Thursday, April 9, 2015

Communications Devices Can Save Your Life

Each week, Alaskans (and others around the world) read news reports of someone trapped for hours or days by bad weather, an avalanche, or an accident. The following devices could save them time, money, and possibly, lives. Many are the size of a deck of cards and not much heavier. The following recommendations come from Bryan Emerson, a member of Alaska Airmen Association, Willow CERT (Community Emergency Response Team) and Civil Air Patrol (search and rescue operations).  Below the article are resource links and purchase/use recommendations.  

Communications technology transmits information either one-way or two way. Both are useful.

UNILATERAL COMMUNICATIONS DEVICES:
Weather radio: (Advertised prices range from $20 – 100.) A weather radio is the size of a portable AM/FM radio, and, in fact, many portable and installed AM/FM radios include a local weather band that relays continuous loops of repeated and updated weather information for a target area. Dedicated weather radios offer multiple weather frequencies so that a traveler in remote locations can usually tune in to one or more. (In our part of the Alaska bush, we can hear two stations).

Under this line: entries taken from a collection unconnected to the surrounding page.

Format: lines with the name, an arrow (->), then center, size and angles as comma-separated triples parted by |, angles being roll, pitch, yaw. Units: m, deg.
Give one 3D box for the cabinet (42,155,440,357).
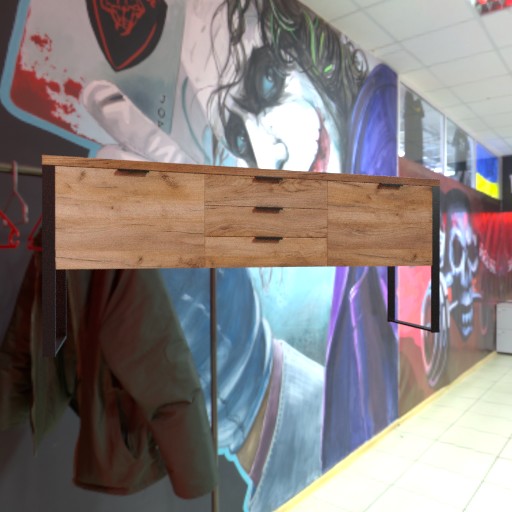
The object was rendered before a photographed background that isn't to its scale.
cabinet -> 0.000, 0.000, 2.111 | 1.800, 0.762, 0.395 | 0, 0, -17
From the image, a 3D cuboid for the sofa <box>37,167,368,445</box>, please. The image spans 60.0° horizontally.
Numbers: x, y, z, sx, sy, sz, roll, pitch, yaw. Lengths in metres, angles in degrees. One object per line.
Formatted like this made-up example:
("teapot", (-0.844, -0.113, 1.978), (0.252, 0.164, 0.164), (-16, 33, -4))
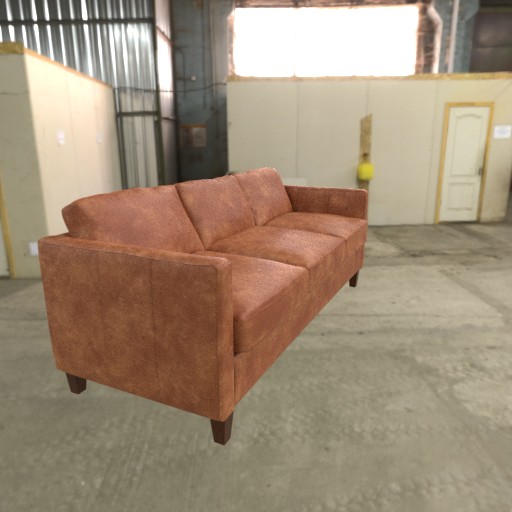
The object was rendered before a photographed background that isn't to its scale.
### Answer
("sofa", (0.000, 0.000, 2.929), (1.045, 1.006, 2.464), (8, 17, 25))

Some devices allow for an external antenna that boosts reception. With this in mind, many prudent backpackers traveling through river valleys or the back side of mountains carry a lightweight coil of copper wire that they can plug into the radio and hand up on a tree.  Travelers can see the weather station frequencies for various locations on NOAA.gov.  Consider enrolling in a free online SKYWARN Spotter class.

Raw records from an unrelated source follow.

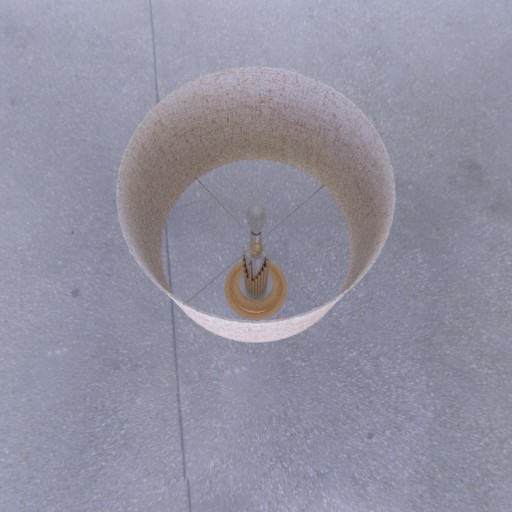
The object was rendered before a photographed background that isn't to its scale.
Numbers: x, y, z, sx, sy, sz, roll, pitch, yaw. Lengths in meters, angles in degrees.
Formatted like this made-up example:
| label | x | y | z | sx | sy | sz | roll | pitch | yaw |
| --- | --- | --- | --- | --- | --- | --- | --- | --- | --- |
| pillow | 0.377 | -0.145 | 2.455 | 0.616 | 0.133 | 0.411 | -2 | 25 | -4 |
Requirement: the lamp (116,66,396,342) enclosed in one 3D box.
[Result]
| label | x | y | z | sx | sy | sz | roll | pitch | yaw |
| --- | --- | --- | --- | --- | --- | --- | --- | --- | --- |
| lamp | 0.000 | 0.000 | 0.804 | 0.321 | 0.610 | 0.321 | 4 | 74 | 1 |
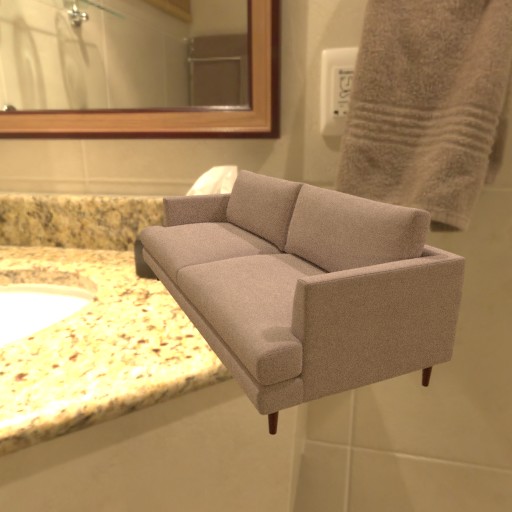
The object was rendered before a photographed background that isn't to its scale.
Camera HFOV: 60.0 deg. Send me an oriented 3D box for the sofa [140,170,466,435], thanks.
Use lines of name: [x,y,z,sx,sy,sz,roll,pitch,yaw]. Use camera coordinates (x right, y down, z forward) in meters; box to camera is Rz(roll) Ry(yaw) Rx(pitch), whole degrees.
sofa: [0.000,0.000,2.765,1.020,0.868,2.250,-7,18,-24]
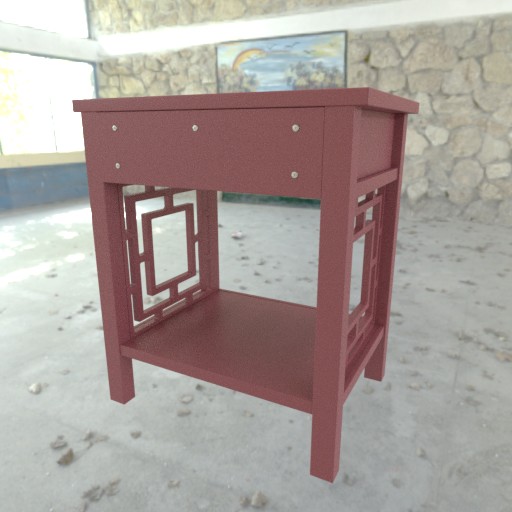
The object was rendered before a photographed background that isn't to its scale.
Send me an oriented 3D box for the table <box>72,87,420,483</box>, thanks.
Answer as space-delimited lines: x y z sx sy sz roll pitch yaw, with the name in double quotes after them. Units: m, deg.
0.000 0.000 1.039 0.599 0.686 0.451 8 18 27 "table"
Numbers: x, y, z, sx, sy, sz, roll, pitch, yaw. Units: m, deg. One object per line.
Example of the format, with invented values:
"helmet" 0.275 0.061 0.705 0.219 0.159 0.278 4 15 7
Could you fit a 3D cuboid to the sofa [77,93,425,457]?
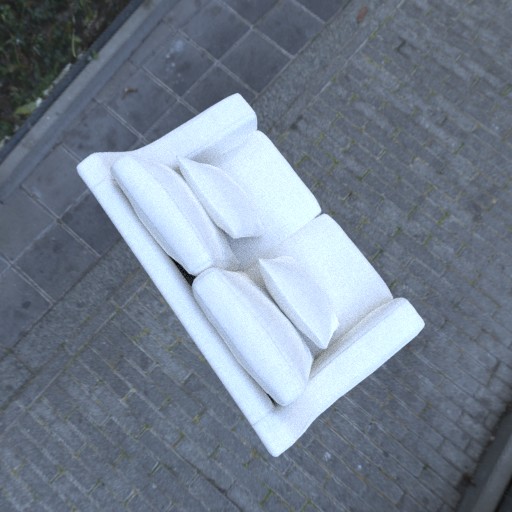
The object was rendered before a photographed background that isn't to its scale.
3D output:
"sofa" 0.000 0.000 2.478 1.040 1.047 1.744 -35 79 -8
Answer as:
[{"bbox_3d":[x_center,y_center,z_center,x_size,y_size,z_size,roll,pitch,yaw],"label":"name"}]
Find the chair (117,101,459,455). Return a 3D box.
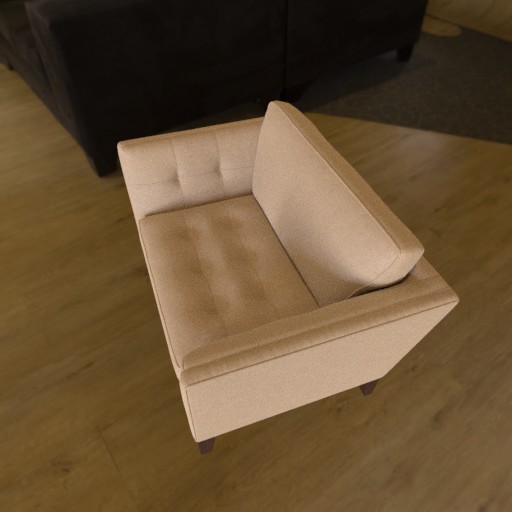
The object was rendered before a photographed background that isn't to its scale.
[{"bbox_3d":[0.000,0.000,2.039,0.965,0.940,1.397,-15,47,-14],"label":"chair"}]
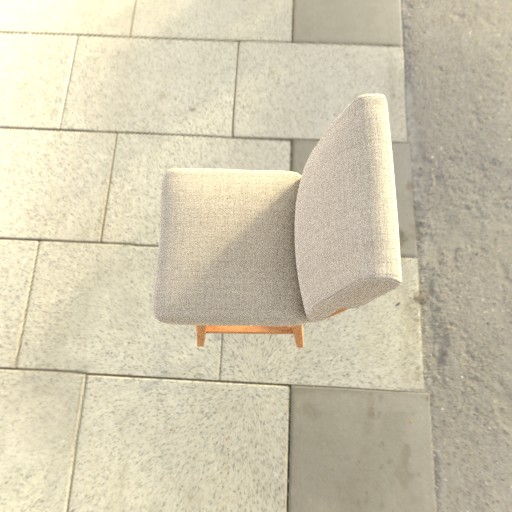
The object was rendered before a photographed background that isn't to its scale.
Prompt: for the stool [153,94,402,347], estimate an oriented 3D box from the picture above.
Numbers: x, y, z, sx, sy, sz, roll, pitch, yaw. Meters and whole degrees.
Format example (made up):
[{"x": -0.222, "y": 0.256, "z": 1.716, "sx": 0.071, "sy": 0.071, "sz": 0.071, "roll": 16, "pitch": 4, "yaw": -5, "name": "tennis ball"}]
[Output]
[{"x": 0.000, "y": 0.000, "z": 1.405, "sx": 0.569, "sy": 1.106, "sz": 0.483, "roll": 1, "pitch": 74, "yaw": 0, "name": "stool"}]
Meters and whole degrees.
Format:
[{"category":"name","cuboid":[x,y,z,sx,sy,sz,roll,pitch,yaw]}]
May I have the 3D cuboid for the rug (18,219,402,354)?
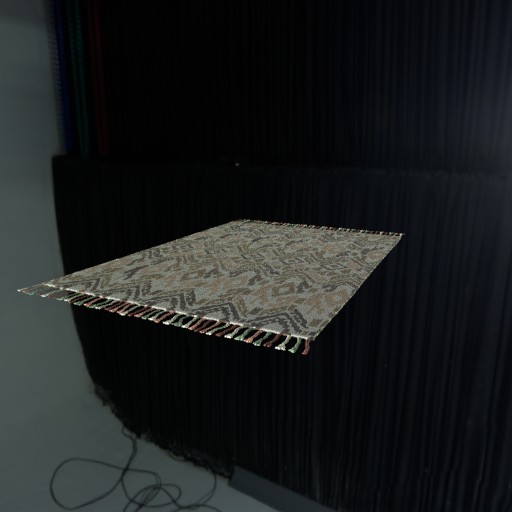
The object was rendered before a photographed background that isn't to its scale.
[{"category":"rug","cuboid":[0.000,0.000,2.283,1.219,0.008,1.829,7,16,26]}]
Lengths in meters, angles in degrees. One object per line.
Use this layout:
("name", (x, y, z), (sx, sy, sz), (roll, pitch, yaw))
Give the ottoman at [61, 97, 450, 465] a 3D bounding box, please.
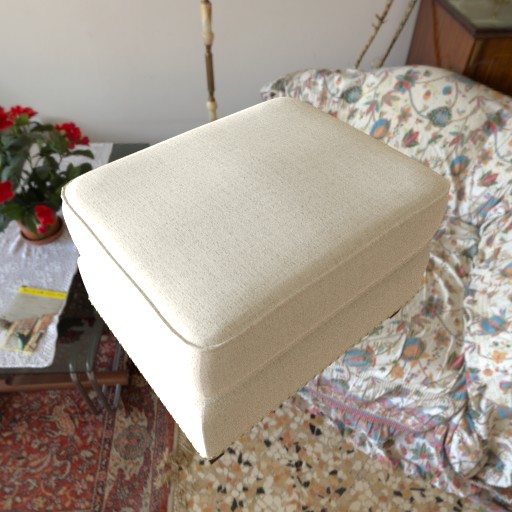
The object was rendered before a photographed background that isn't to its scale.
("ottoman", (0.000, 0.000, 1.124), (0.738, 0.537, 0.589), (-31, 53, -26))

APRS.fi: (free) This website program enables someone to track a traveler for free, on the website,
www.aprs.fi (FI for Finland) as long as the traveler carries a GPS equipped amateur radio (like a Kenwood) and has registered the radio call sign on the website. To work, the person with the transmitter needs to be within line of sight of (radio) repeater towers. (There are two in Anchorage). We have found it easy to follow the progress of a traveler on foot, car, or airplane throughout large swaths of the Mat-Su Valley, too. However, it cannot capture travel in river bottoms or the far side a mountain undetected by a repeater tower.

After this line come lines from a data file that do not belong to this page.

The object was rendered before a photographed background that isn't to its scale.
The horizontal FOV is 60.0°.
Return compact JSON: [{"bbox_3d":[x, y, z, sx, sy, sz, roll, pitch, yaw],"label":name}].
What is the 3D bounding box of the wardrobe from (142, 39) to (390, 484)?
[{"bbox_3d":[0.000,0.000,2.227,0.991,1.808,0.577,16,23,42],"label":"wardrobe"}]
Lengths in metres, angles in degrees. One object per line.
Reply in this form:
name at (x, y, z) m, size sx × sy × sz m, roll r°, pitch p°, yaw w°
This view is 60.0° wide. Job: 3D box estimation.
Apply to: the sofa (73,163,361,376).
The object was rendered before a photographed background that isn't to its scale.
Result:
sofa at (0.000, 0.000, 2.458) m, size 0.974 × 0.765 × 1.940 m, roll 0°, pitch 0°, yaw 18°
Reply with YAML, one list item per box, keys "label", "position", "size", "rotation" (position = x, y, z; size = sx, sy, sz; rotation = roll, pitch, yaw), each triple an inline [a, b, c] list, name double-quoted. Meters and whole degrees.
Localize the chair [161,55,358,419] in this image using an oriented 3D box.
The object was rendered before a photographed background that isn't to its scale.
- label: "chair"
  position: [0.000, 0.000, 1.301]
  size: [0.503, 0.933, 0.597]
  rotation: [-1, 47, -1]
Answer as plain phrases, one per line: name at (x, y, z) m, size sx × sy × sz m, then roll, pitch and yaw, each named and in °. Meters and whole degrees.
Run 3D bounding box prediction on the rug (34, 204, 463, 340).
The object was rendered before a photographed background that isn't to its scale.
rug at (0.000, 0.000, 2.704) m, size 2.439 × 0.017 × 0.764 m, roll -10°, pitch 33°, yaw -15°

Satellite based systems: Any satellite based device automatically captures and transmits GPS coordinates of the user. For this reason, it needs to be registered (at no cost) with NOAA.gov every two years with the owner's name, contact information, and an emergency alternate person. For your safety, be sure to update this!

GPS: (global positioning system). These devices are sold in a huge variety of sizes, capabilities, and price ranges. Since most are optimized (differently) for off-road, on-road, aviation, and marine usage, a prudent shopper should determine his or her intentions before buying. In addition, various manufacturers offer internet based updates, such as maps. Of these, some are free and others require a subscription. By anticipating your needs, you can do some proactive comparison shopping and uploading of pertinent information.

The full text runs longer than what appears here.